- Born: June 3, 1900
- Died: February 8, 1983 (aged 82)
- Parent: Clayton Mark

= Cyrus Mark =

American conservationist (1900–1983)

Cyrus Mark (June 3, 1900 – February 8, 1983) was a prominent early advocate of nature conservancy in the state of Illinois. Mark served as the first executive director of the Illinois chapter of The Nature Conservancy. He was instrumental in the first Nature Conservancy acquisition in the Chicago area; Volo Bog. In 1958, Mark, along with George Fell, the first president of the Nature Conservancy, negotiated the purchase of Volo Bog by The Nature Conservancy.

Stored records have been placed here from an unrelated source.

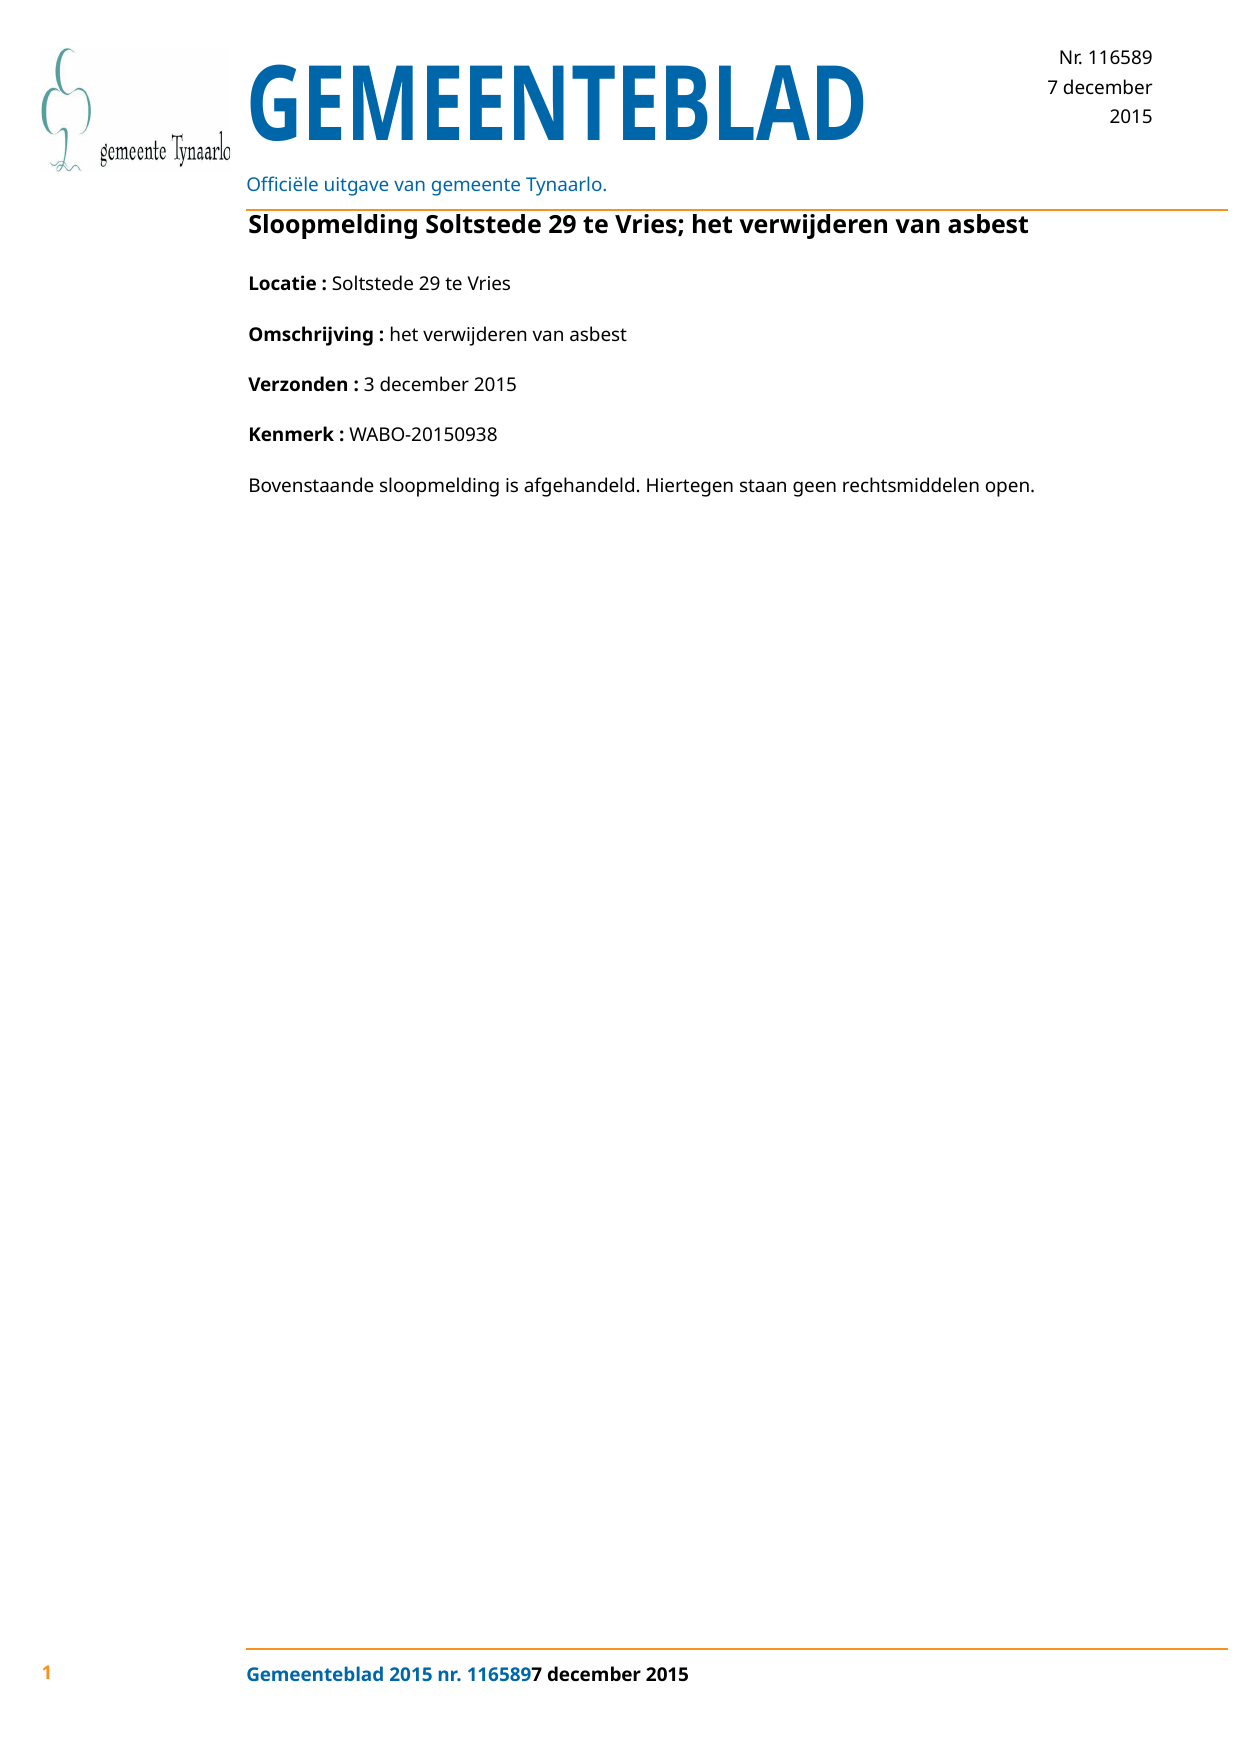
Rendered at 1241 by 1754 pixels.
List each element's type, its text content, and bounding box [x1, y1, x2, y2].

text Omschrijving : het verwijderen van asbest [248, 321, 1152, 346]
text Verzonden : 3 december 2015 [248, 371, 1152, 397]
picture [41, 47, 231, 172]
text Sloopmelding Soltstede 29 te Vries; het verwijderen van asbest [248, 211, 1152, 241]
text Bovenstaande sloopmelding is afgehandeld. Hiertegen staan geen rechtsmiddelen open. [248, 472, 1152, 498]
text Locatie : Soltstede 29 te Vries [248, 270, 1152, 296]
text Kenmerk : WABO-20150938 [248, 422, 1152, 447]
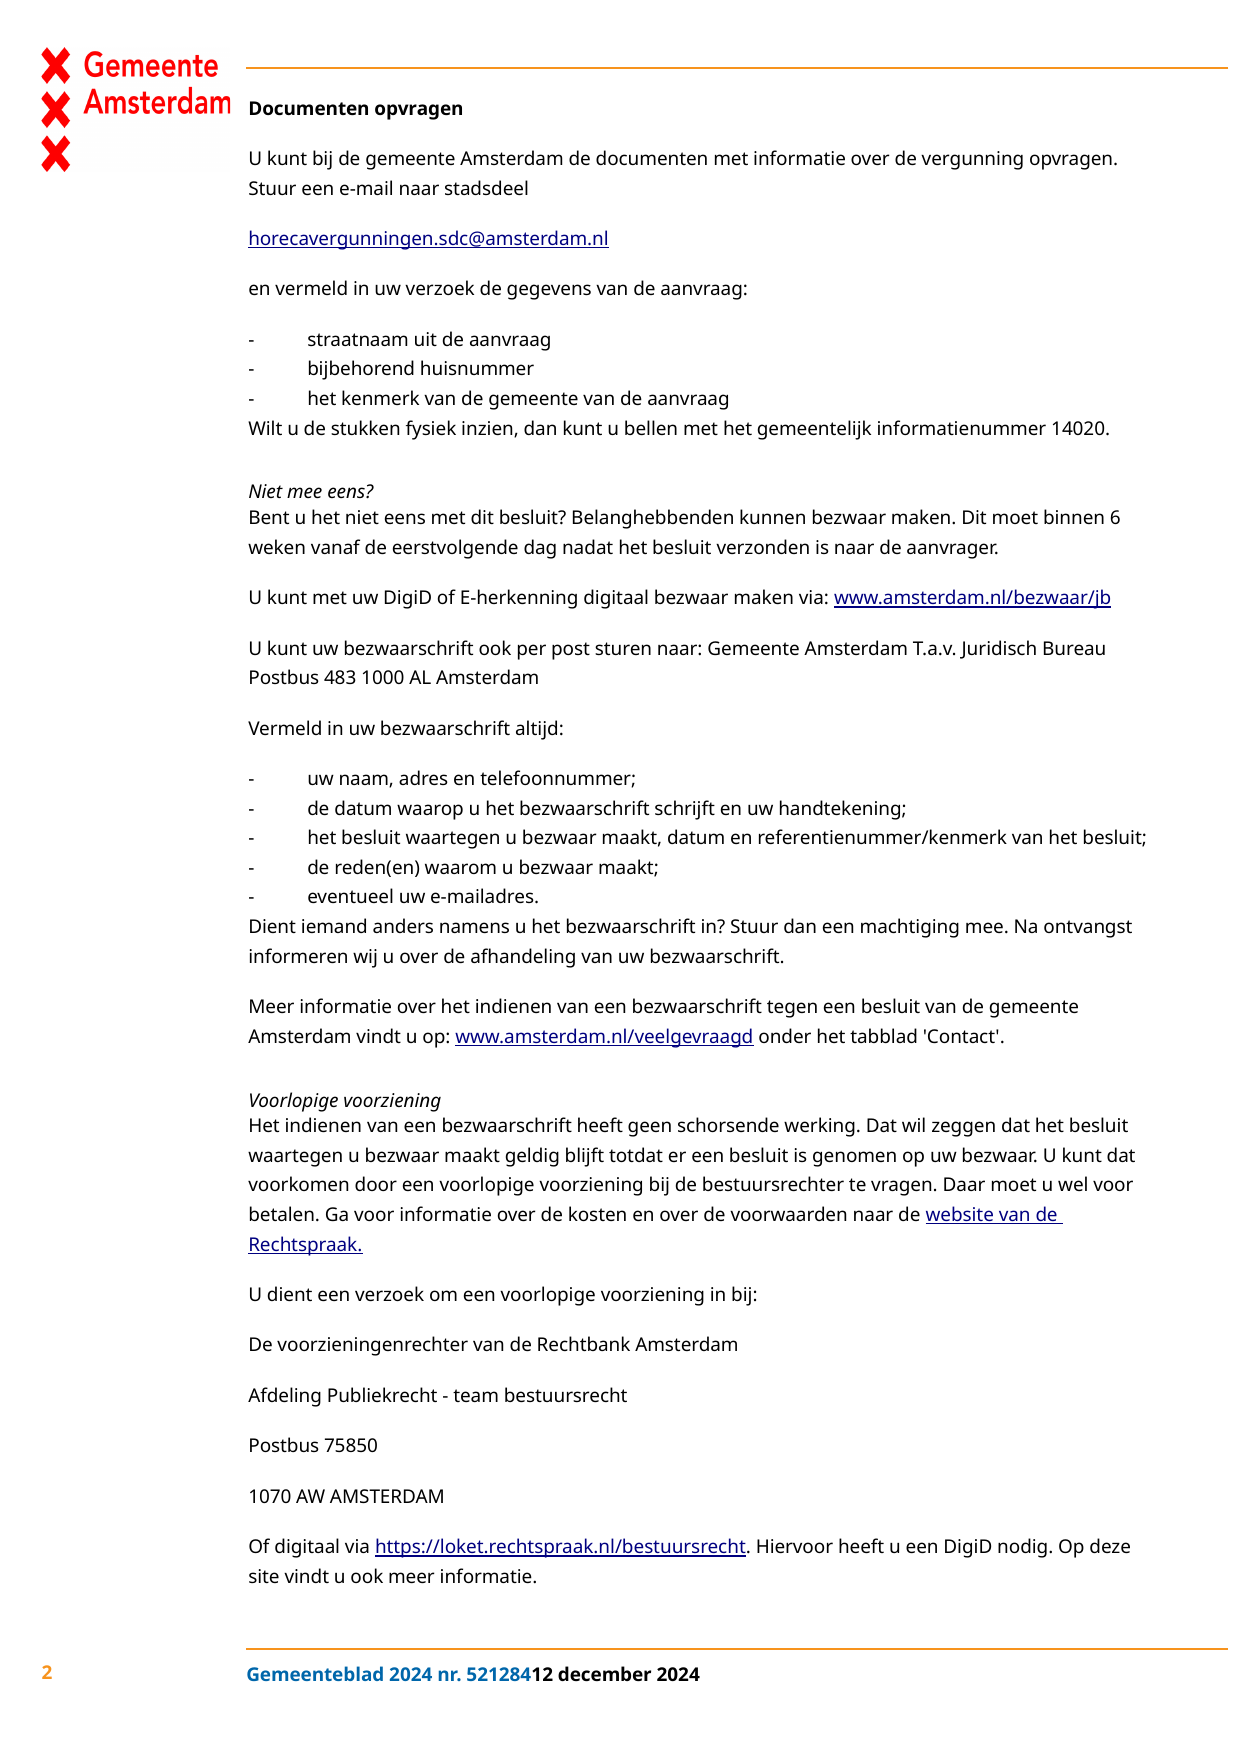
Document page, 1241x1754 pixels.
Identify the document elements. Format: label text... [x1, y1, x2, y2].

text Afdeling Publiekrecht - team bestuursrecht [248, 1382, 1152, 1408]
text Vermeld in uw bezwaarschrift altijd: [248, 715, 1152, 741]
text U dient een verzoek om een voorlopige voorziening in bij: [248, 1281, 1152, 1307]
list de datum waarop u het bezwaarschrift schrijft en uw handtekening; [248, 795, 1152, 821]
text horecavergunningen.sdc@amsterdam.nl [248, 225, 1152, 251]
text 1070 AW AMSTERDAM [248, 1483, 1152, 1509]
text Meer informatie over het indienen van een bezwaarschrift tegen een besluit van de gemeente Amsterdam vindt u op: www.amsterdam.nl/veelgevraagd onder het tabblad 'Contact'. [248, 993, 1152, 1048]
text Dient iemand anders namens u het bezwaarschrift in? Stuur dan een machtiging mee. Na ontvangst informeren wij u over de afhandeling van uw bezwaarschrift. [248, 913, 1152, 968]
text U kunt met uw DigiD of E-herkenning digitaal bezwaar maken via: www.amsterdam.nl/bezwaar/jb [248, 584, 1152, 610]
text Niet mee eens? [248, 479, 1152, 504]
text U kunt bij de gemeente Amsterdam de documenten met informatie over de vergunning opvragen. Stuur een e-mail naar stadsdeel [248, 145, 1152, 201]
text Wilt u de stukken fysiek inzien, dan kunt u bellen met het gemeentelijk informatienummer 14020. [248, 415, 1152, 441]
list bijbehorend huisnummer [248, 356, 1152, 381]
text Documenten opvragen [248, 95, 1152, 121]
list het besluit waartegen u bezwaar maakt, datum en referentienummer/kenmerk van het besluit; [248, 824, 1152, 850]
list de reden(en) waarom u bezwaar maakt; [248, 854, 1152, 880]
text U kunt uw bezwaarschrift ook per post sturen naar: Gemeente Amsterdam T.a.v. Juridisch Bureau Postbus 483 1000 AL Amsterdam [248, 635, 1152, 690]
list het kenmerk van de gemeente van de aanvraag [248, 385, 1152, 411]
text Bent u het niet eens met dit besluit? Belanghebbenden kunnen bezwaar maken. Dit moet binnen 6 weken vanaf de eerstvolgende dag nadat het besluit verzonden is naar de aanvrager. [248, 504, 1152, 560]
list straatnaam uit de aanvraag [248, 326, 1152, 352]
text en vermeld in uw verzoek de gegevens van de aanvraag: [248, 276, 1152, 301]
text Postbus 75850 [248, 1432, 1152, 1458]
list eventueel uw e-mailadres. [248, 884, 1152, 909]
list uw naam, adres en telefoonnummer; [248, 765, 1152, 791]
text De voorzieningenrechter van de Rechtbank Amsterdam [248, 1332, 1152, 1357]
picture [41, 47, 231, 172]
text Het indienen van een bezwaarschrift heeft geen schorsende werking. Dat wil zeggen dat het besluit waartegen u bezwaar maakt geldig blijft totdat er een besluit is genomen op uw bezwaar. U kunt dat voorkomen door een voorlopige voorziening bij de bestuursrechter te vragen. Daar moet u wel voor betalen. Ga voor informatie over de kosten en over de voorwaarden naar de website van de Rechtspraak. [248, 1112, 1152, 1257]
text Voorlopige voorziening [248, 1087, 1152, 1112]
text Of digitaal via https://loket.rechtspraak.nl/bestuursrecht. Hiervoor heeft u een DigiD nodig. Op deze site vindt u ook meer informatie. [248, 1533, 1152, 1589]

Mark, botanist Dr. Margery Carlson, the secretary of the Illinois chapter of The Nature Conservancy, and many others raised almost 1300 contributions from organizations and individuals (including teachers and students) to cover the cost of the acquisition. This was the first time in the chapter's history that there was an appeal to the public for help in raising funds. Mark employed many strategies in his fund-raising efforts from emphasizing the scientific and educational values of the land, to pointing out that contributions were tax-deductible. After its purchase by the Nature Conservancy, Volo Bog was conveyed to the University of Illinois and then to the State of Illinois for protection.

==Biography==
Mark was the son of Clayton Mark, one of the pioneer makers of steel pipe in the United States and the founder of Marktown, a planned worker community listed on the National Register of Historic Places. Cyrus Mark was educated at Yale University and the University of Iowa. In 1923 he began work at Clayton Mark & Co. as an assistant treasurer. He held various positions including plant manager, vice president, and became president, general manager and director in 1943. Cyrus retired as president in 1963. Cyrus always had an interest in birds and conservation. He was also the chairman of the Illinois Nature Conservancy and a director of the national Nature Conservancy.